Additionally, the explanatory memorandum notes that the concept of concerted practices is well established and understood in EU competition law. However, the ACCC will always have to prove that the practice had the object or effect of substantially lessening competition – which distinguishes the Australian provision from the established EU jurisprudence.
Companies operating in the ACCC’s priority sectors (eg, energy and financial services) and in industries subject to market inquiries are facing substantial compliance and regulatory pressures. Despite the Harper Review having recognised the burden of responding to ACCC mandatory notices requiring the production of information and documents (and therefore recommending they are issued sparingly), the ACCC has been heavily utilising these powers – including on a rolling basis as part of its market inquiries. Responding to these types of notices can often require substantial input from both the in-house legal and compliance teams as well as the company’s business teams. We have seen many clients bolster their in-house compliance capabilities in response to these pressures.
GTDT: What changes do you anticipate to cartel enforcement policy or antitrust rules in the coming year? What effect will this have on clients?
PG & SB: If the Country Care case is contested it will provide insights into the CDPP’s and ACCC’s approach to these cases and the reactions of the courts and juries to these types of charges.
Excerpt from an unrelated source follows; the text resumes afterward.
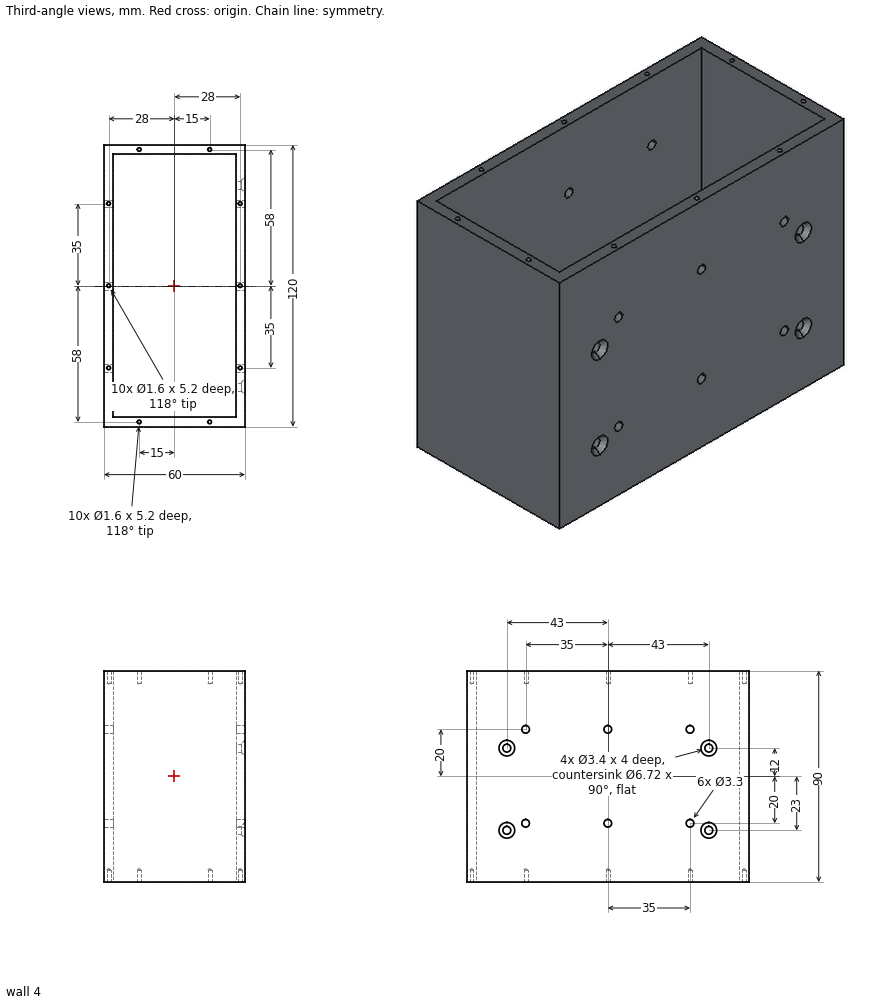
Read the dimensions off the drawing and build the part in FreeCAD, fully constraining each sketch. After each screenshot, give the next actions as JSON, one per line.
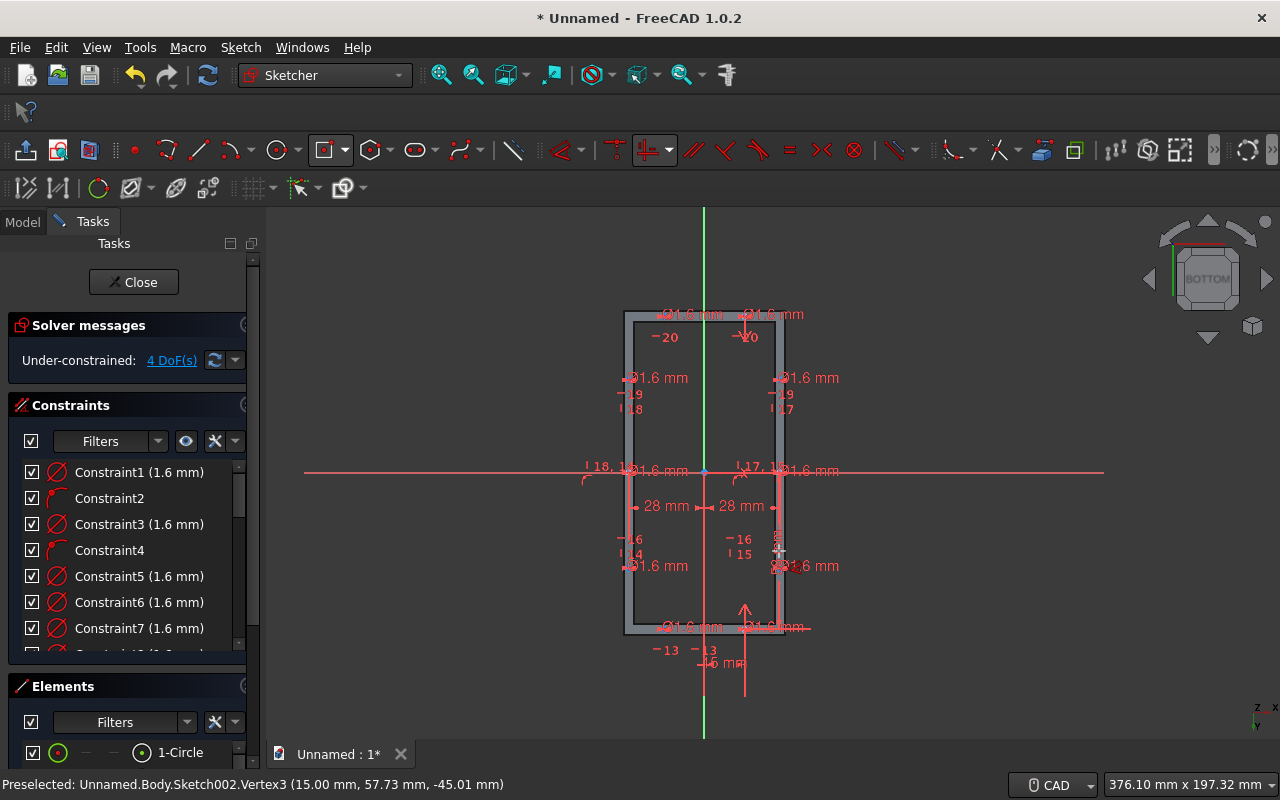
{"action": "left_click", "coordinate": [664, 629]}
{"action": "left_click", "coordinate": [684, 439]}
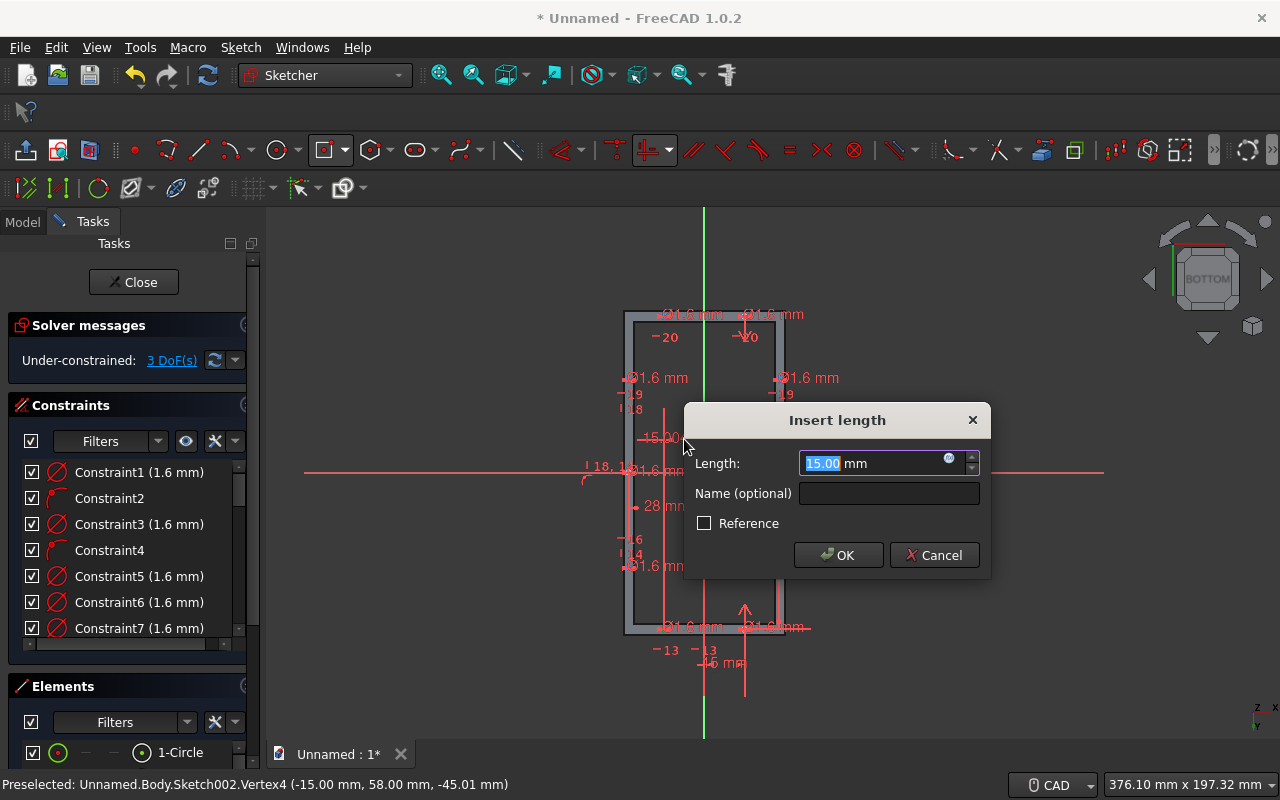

It will likely shape how the ACCC and CDPP position the next round of cartel cases that it has foreshadowed.
It will also be interesting to see how the courts respond to the ACCC’s continued push for increased penalties and whether this gains further momentum following the OECD’s report highlighting the disparity between Australian and comparable overseas penalties.
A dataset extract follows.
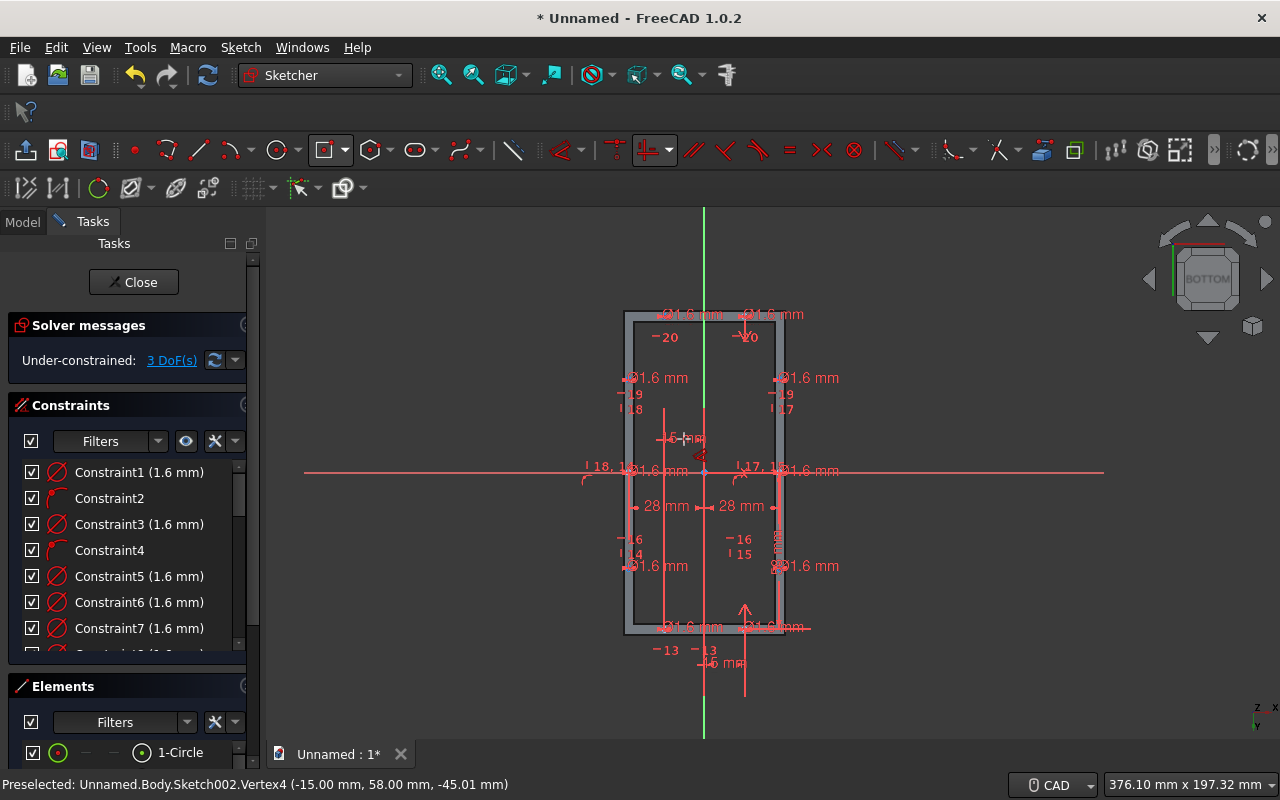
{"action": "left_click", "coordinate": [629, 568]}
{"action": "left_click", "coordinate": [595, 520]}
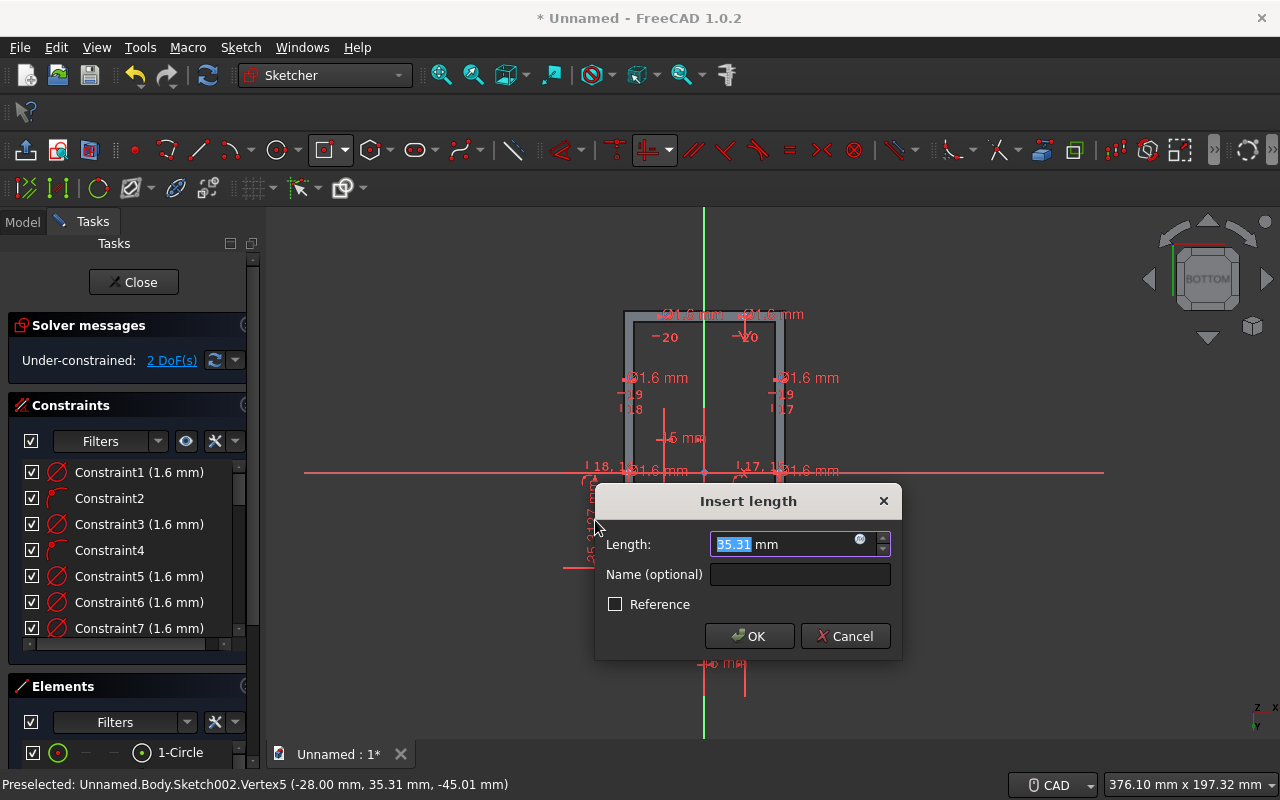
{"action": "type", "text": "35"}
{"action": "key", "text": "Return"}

Clearly, the ACCC and CDPP’s willingness to pursue criminal cartel proceedings and a sustained position from the ACCC to obtain higher penalties will have an impact on clients caught up in alleged cartel activity.
“The ACCC does not have any power to issue decisions for infringements of Australia’s competition laws.”
The Inside Track
What was the most interesting case you worked on recently?
The focus on financial services by both the ACCC and ASIC is raising significant and interesting issues in the context of investigations. We are seeing situations in which it is not necessarily certain whether a matter will be approached from a competition law perspective or be determined by ASIC. While ASIC and the ACCC are close collaborators, there is clearly some scope for regulatory competition between them. The extent to which the ACCC could be said to be expanding its remit has been an interesting and significant development in matters that we have been involved.
If you could change one thing about the area of cartel enforcement in your jurisdiction, what would it be?
The ACCC is a sophisticated regulatory entity, including in respect of cartel enforcement, and does a good job of communicating its approach to enforcement matters to businesses and the legal community. That said, as advisers, greater certainty regarding the application of the leniency policy and the interaction between the ACCC and the CDPP would be useful. Of course, a call for more transparent and certain outcomes is a familiar refrain from many advisers in multiple jurisdictions.